Rainwater opted to remain standing and leaned against the fireplace. My legs were shaking ever so slightly, not enough for anyone to notice other than me, but I didn’t trust them to hold me up anymore, so I perched on the couch next to my grandmother.
She slipped her hand in mine and squeezed my fingers before folding her hands on her lap. “What was it that you want to tell us, Fenimore?”
The troubadour licked his lips. “I just wanted to say I’m sorry to both of you, Daisy and Violet, but to Violet especially. I should have come to you sooner and told you who I am and who I was to Fern. I suppose putting it off year after year was easier, and the longer I waited to tell you, the harder I thought it would be for you to accept who I am.” He pulled his ponytail over his shoulder and tugged on it like it was some kind of comfort to him. “But Violet, when I saw you in the village last year and you looked so much life Fern, I couldn’t stay away. Just like her, you had a presence about you. When you walk into the room, everyone notices, and by some miracle you have no idea that’s happening.”
“That’s true,” Rainwater said.
I looked at him in surprise.
Fenimore let go of his ponytail and sat up a little straighter in his seat. “I know I shouldn’t have waited all these months to speak to you again, but I had to build up the nerve to ask you, and you too, Daisy, one question.”
“What’s that?” Grandma Daisy asked. She was holding my hand again. I hadn’t even noticed that she had moved her hand back.
“Will you forgive me?” His voice was small, not much louder than that of a child asking forgiveness for stealing a cookie from the kitchen.
Grandma Daisy looked to me. It seemed I was the one who had to answer this question.
I felt my shoulders droop. Most of my life I had wondered who my father was, but I had never had the urge to find out. I didn’t know how I could have, since my mother had left his name blank on my birth certificate. I’d put it out of my head until last fall when Fenimore had shown up on my doorstep with a letter. Since then, I had thought of him almost constantly, wondering where he was, whether if I should go and find him. It hadn’t been until I knew I had a father that I realized I had missed having one, not just since seeing Fenimore but my whole life. I had buried that longing so deep that when it was woken up, it pained me.
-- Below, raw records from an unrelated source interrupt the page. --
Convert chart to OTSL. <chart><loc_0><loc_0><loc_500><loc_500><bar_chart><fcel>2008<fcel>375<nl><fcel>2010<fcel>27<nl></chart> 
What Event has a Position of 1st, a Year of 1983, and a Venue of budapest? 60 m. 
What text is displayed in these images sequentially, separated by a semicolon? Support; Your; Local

I stared down at my grandmother’s wrinkled hand over mine once again. She was all the family I had in the world, and Fenimore was giving me an opportunity to have more. I swallowed and looked up and found Rainwater watching me. He smiled at me, and I felt better. I did have other family. I had him, Lacey and Adrien, Sadie, and the Red Inkers. I had this village. Emerson, Faulkner, and this shop. That didn’t mean there wasn’t room for more. There was always room for someone else to love in your life if they will let you; not everyone lets you love them. How could I turn my back on that chance?
I turned to Fenimore, who was staring at his hands. “I forgive you,” I said. There was no quaver of hesitation in my voice. It was strong and clear, and I meant every word of that brief sentence.
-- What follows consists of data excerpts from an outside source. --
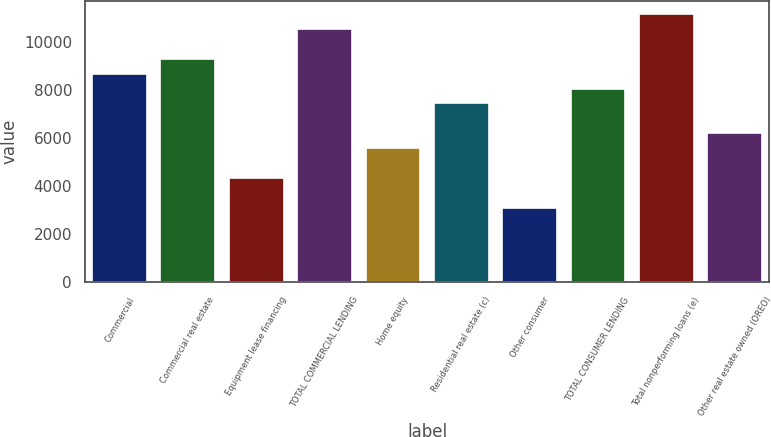Convert chart to OTSL. <chart><loc_0><loc_0><loc_500><loc_500><bar_chart><fcel>Commercial<fcel>Commercial real estate<fcel>Equipment lease financing<fcel>TOTAL COMMERCIAL LENDING<fcel>Home equity<fcel>Residential real estate (c)<fcel>Other consumer<fcel>TOTAL CONSUMER LENDING<fcel>Total nonperforming loans (e)<fcel>Other real estate owned (OREO)<nl><fcel>8684.93<fcel>9305.16<fcel>4343.32<fcel>10545.6<fcel>5583.78<fcel>7444.47<fcel>3102.86<fcel>8064.7<fcel>11165.9<fcel>6204.01<nl></chart> 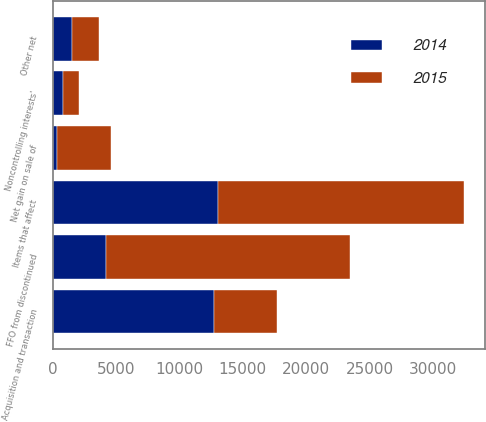<chart> <loc_0><loc_0><loc_500><loc_500><stacked_bar_chart><ecel><fcel>FFO from discontinued<fcel>Acquisition and transaction<fcel>Net gain on sale of<fcel>Other net<fcel>Noncontrolling interests'<fcel>Items that affect<nl><fcel>2015<fcel>19251<fcel>4951<fcel>4231<fcel>2171<fcel>1284<fcel>19418<nl><fcel>2014<fcel>4231<fcel>12763<fcel>363<fcel>1491<fcel>803<fcel>13033<nl></chart> 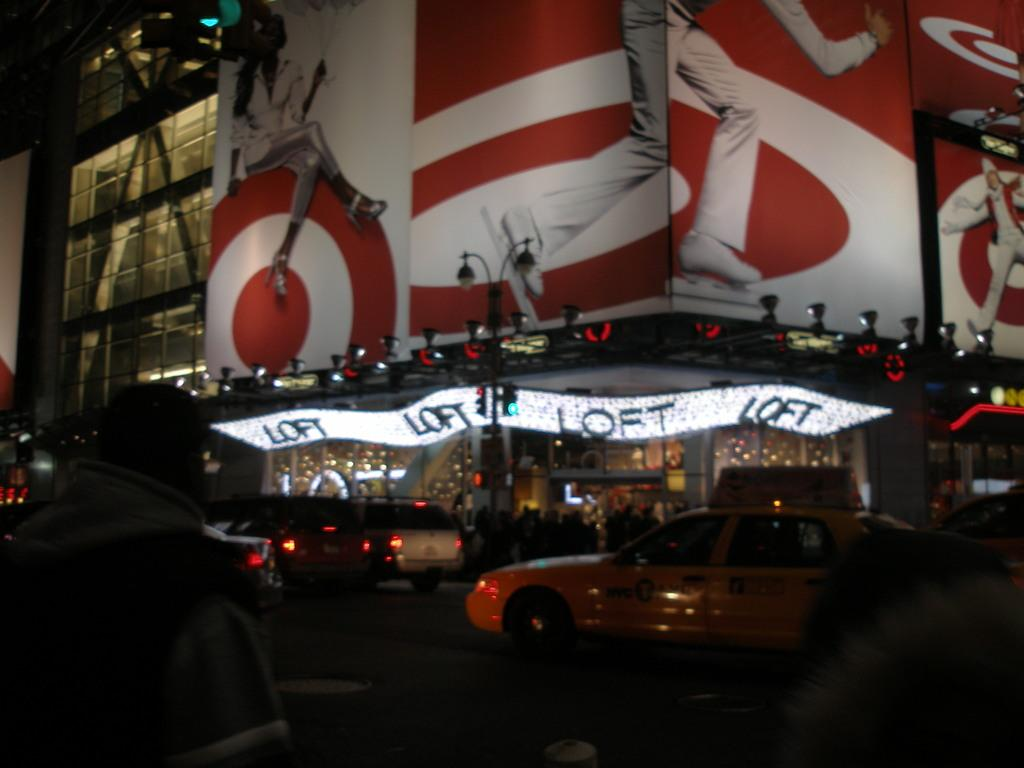<image>
Describe the image concisely. cars parked outside the Loft building in the city

He looked at me as if in awe. I knew then that he’d expected my answer to be very different. I couldn’t blame him for that. Months ago when he’d told me who he was, I had refused to believe him. It had been very brave of him to come back at all.
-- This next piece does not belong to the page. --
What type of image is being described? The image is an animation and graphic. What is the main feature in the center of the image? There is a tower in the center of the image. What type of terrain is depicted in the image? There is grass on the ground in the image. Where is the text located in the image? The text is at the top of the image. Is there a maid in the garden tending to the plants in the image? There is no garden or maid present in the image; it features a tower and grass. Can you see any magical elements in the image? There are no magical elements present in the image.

“Thank you, Violet,” he said.
“Good, good,” Grandma Daisy said. “Now that we got that over with, I will make some tea, and we all can have a nice chat.” She smiled at Rainwater. “Have a seat, David. We can’t have you standing in front of the fireplace like a statue.”
Faulkner swooped down from the tree, and Fenimore jumped. The large crow settled next to Rainwater on the hearth. A moment later, Emerson materialized and jumped up next to me. He circled twice before settling himself onto my lap.
“Looks like the whole family is ready for a visit,” my grandmother said cheerfully. “That seems fitting.”
That’s what I thought too.
Chapter Twenty-Seven
The conversation with Fenimore was awkward at first, but it wasn’t long before Grandma Daisy, with her tea and good humor, smoothed everything over. At one point, Emerson jumped off of me and sat on the sofa next to Fenimore. The cat stared at me with his yellow-green eyes as if to tell me everything would be all right. I believed him, if only for that moment.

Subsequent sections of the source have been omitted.